▶ [Exercise details]
Lines to return, exactly: from the line with "Lengths in metres, angles in degrees." to the line with "rpy_deg: [roll, pitch, yaw]" in the entries below, both included.

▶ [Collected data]
* * * * * * * * *

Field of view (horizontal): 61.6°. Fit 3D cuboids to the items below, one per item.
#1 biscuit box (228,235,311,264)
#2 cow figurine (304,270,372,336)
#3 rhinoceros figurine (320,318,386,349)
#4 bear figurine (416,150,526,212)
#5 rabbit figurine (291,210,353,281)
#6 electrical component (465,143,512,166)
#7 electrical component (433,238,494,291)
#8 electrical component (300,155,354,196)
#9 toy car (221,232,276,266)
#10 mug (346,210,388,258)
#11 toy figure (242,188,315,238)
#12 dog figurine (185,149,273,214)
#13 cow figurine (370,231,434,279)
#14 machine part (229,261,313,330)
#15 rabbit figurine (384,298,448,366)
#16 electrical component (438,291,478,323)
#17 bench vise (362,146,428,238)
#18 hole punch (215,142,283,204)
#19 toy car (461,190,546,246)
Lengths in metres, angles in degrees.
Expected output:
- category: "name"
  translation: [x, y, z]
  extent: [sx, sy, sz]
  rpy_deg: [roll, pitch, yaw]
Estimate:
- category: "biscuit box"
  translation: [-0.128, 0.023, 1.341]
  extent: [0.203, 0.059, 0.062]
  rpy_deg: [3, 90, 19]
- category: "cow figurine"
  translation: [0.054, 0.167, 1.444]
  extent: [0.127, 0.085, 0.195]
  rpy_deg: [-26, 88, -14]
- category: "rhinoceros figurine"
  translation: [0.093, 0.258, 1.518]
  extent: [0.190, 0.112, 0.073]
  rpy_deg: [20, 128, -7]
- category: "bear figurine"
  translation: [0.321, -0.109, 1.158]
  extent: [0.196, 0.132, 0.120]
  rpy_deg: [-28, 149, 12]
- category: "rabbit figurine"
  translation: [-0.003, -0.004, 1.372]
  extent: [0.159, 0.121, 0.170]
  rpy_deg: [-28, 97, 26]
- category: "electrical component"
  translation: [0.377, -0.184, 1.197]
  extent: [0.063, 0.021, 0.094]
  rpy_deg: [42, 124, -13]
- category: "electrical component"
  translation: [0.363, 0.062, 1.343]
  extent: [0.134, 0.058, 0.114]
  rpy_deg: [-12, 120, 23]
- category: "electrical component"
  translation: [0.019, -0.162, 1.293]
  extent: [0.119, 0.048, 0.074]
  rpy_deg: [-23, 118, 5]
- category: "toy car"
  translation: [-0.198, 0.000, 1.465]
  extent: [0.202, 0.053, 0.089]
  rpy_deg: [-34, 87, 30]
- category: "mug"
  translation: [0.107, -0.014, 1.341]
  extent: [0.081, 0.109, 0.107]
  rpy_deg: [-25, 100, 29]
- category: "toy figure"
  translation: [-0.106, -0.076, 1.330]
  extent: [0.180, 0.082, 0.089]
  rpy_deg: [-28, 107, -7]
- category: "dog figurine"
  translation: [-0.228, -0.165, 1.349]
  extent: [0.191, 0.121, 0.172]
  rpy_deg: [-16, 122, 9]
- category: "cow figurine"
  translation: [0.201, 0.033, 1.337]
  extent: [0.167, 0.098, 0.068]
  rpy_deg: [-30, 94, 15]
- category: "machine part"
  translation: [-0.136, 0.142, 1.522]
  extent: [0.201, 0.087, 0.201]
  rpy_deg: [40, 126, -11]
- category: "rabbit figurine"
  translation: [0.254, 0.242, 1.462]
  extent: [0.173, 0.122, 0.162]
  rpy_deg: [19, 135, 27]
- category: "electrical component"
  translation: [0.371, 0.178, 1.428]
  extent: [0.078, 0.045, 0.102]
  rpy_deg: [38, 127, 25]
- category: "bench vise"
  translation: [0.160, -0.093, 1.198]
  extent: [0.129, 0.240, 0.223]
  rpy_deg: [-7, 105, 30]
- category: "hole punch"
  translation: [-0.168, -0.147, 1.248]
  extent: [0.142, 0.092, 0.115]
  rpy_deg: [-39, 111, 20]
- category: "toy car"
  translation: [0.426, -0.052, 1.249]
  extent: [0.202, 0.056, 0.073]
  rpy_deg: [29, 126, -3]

* * * * * * * * *

▶ [Your response]
Lengths in metres, angles in degrees.
Expected output:
- category: "name"
  translation: [x, y, z]
  extent: [sx, sy, sz]
  rpy_deg: [roll, pitch, yaw]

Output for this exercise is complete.